▶ [What is being asked] Copy each line from the entries that the word "font" appears in.

====

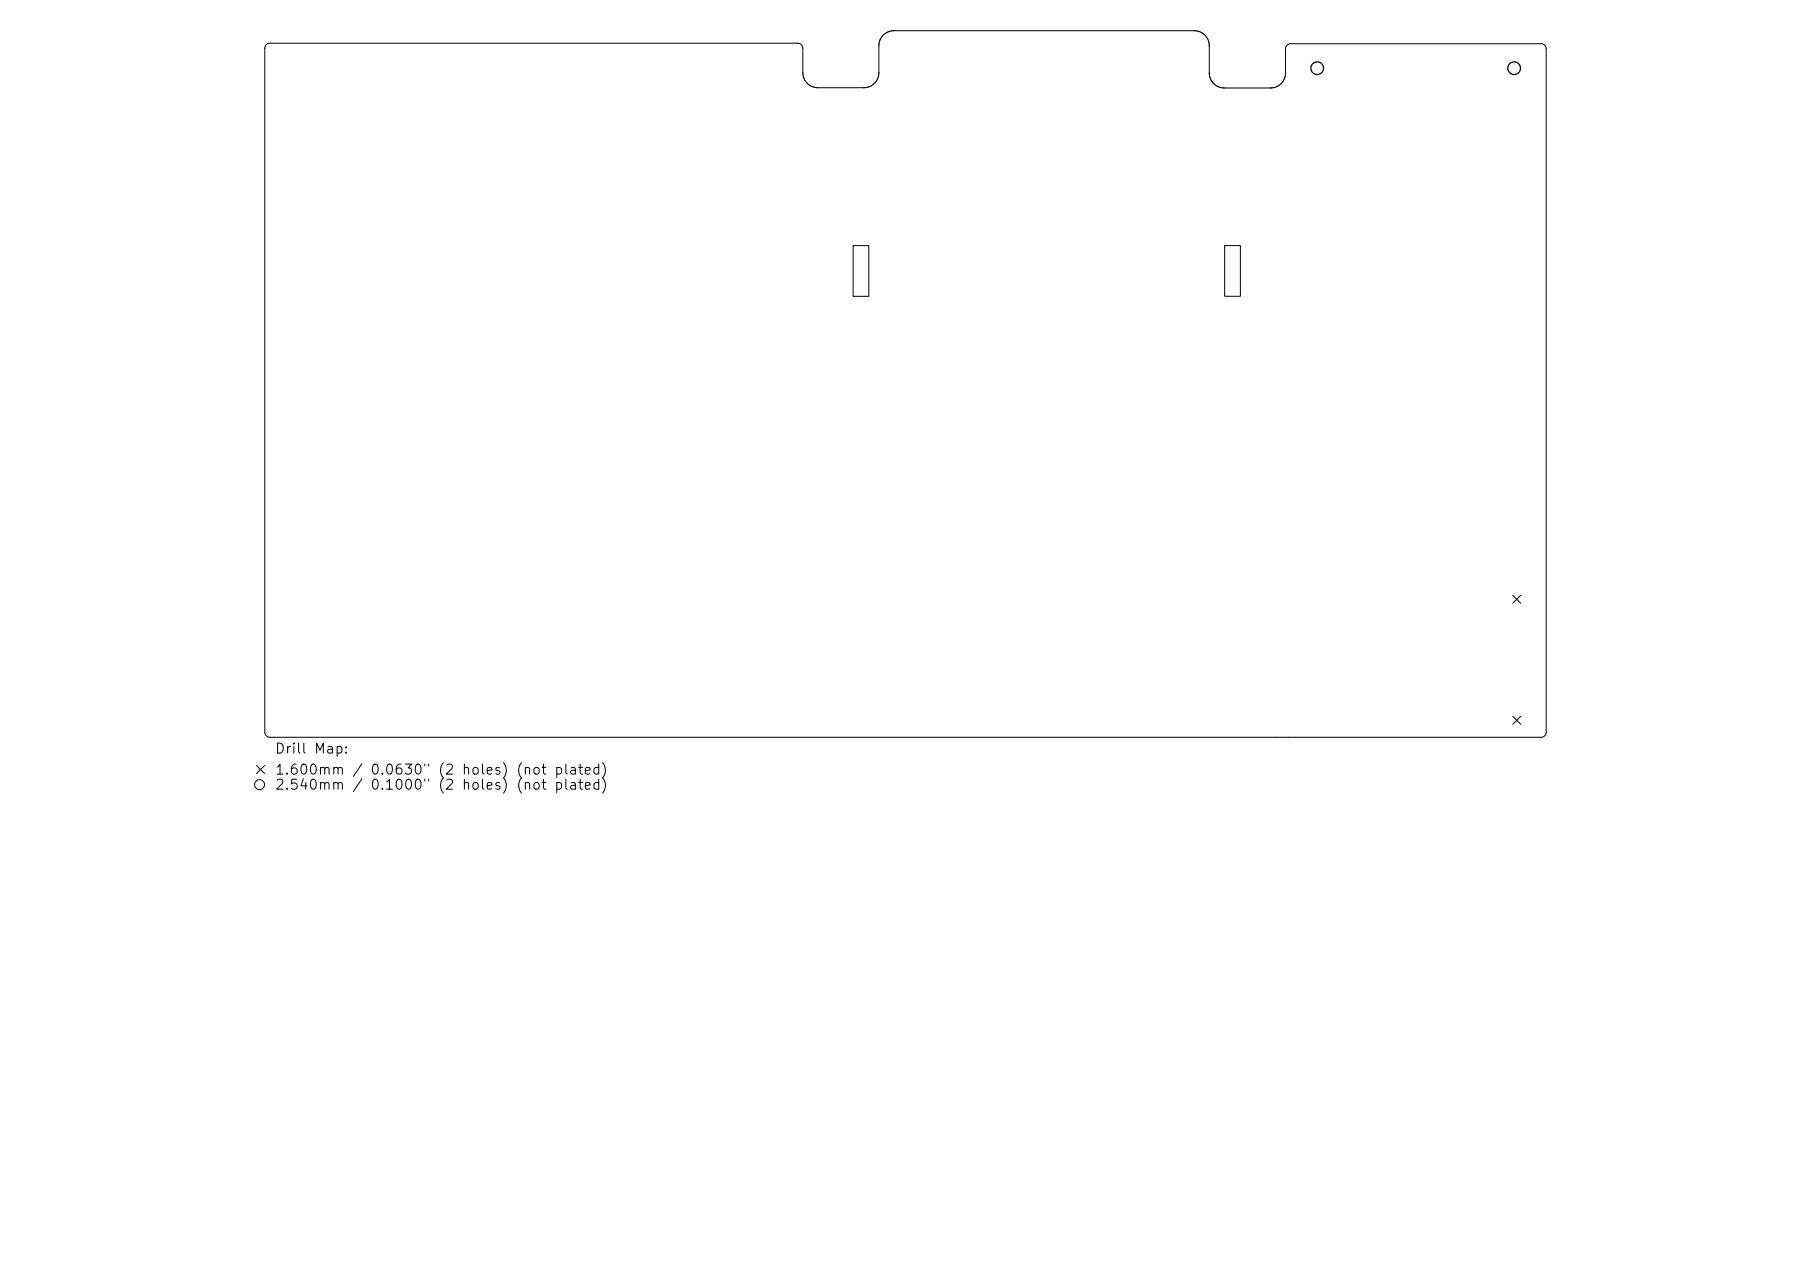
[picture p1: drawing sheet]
<svg xmlns="http://www.w3.org/2000/svg" width="297mm" height="210mm" viewBox="0 0 297 210" stroke-linecap="round" stroke-linejoin="round" font-family="sans-serif">
<defs><g id="words">
<g font-size="1.6">
<text x="45" y="124.1">Drill Map:</text>
<text x="45" y="127.5">1.600mm / 0.0630&quot; (2 holes) (not plated)</text>
<text x="45" y="130">2.540mm / 0.1000&quot; (2 holes) (not plated)</text>
</g>
</g></defs>
<g fill="none" stroke="#000" stroke-width=".16">
<path d="M134.1 14.4h.1M144.1 11.9v.2a2.46 2.46 0 0 1-2.4 2.3h-7.6M144.1 11.9h.1M198.3 7.5h.1M198.3 7.5v-.2a2.46 2.46 0 0 0-2.4-2.3h-49.5a2.46 2.46 0 0 0-2.3 2.5v4.4M198.3 7.5v4.7a2.46 2.46 0 0 0 2.5 2.2h7.7a2.46 2.46 0 0 0 2.3-2.4M210.8 12v-4a.82 .82 0 0 1 .9-.8h41.1a.82 .82 0 0 1 .8 .8v112.1a.82 .82 0 0 1-.8 .9h-208.6a.82 .82 0 0 1-.8-.9v-112.2a.82 .82 0 0 1 .8-.8h86.6a.82 .82 0 0 1 .9 .8v4.2a2.46 2.46 0 0 0 2.4 2.3M210.8 12h.1M139.9 40.3h2.6v8.3h-2.6zM200.8 40.3h2.6v8.3h-2.6zM248.1 97.7l1.3 1.3M249.4 97.7l-1.3 1.3"/>
<path d="M248.1 117.5l1.3 1.3M249.4 117.5l-1.3 1.3M42.1 125.6l1.3 1.3M43.4 125.6l-1.3 1.3"/>
<circle cx="42.6" cy="128.7" r=".82"/>
</g>
<g fill="none" stroke="#000" stroke-width=".21">
<circle cx="216" cy="11.2" r="1.04"/>
<circle cx="248.3" cy="11.2" r="1.04"/>
</g>
<use href="#words"/>
</svg>

====

▶ [Answer box]
<svg xmlns="http://www.w3.org/2000/svg" width="297mm" height="210mm" viewBox="0 0 297 210" stroke-linecap="round" stroke-linejoin="round" font-family="sans-serif">
<g font-size="1.6">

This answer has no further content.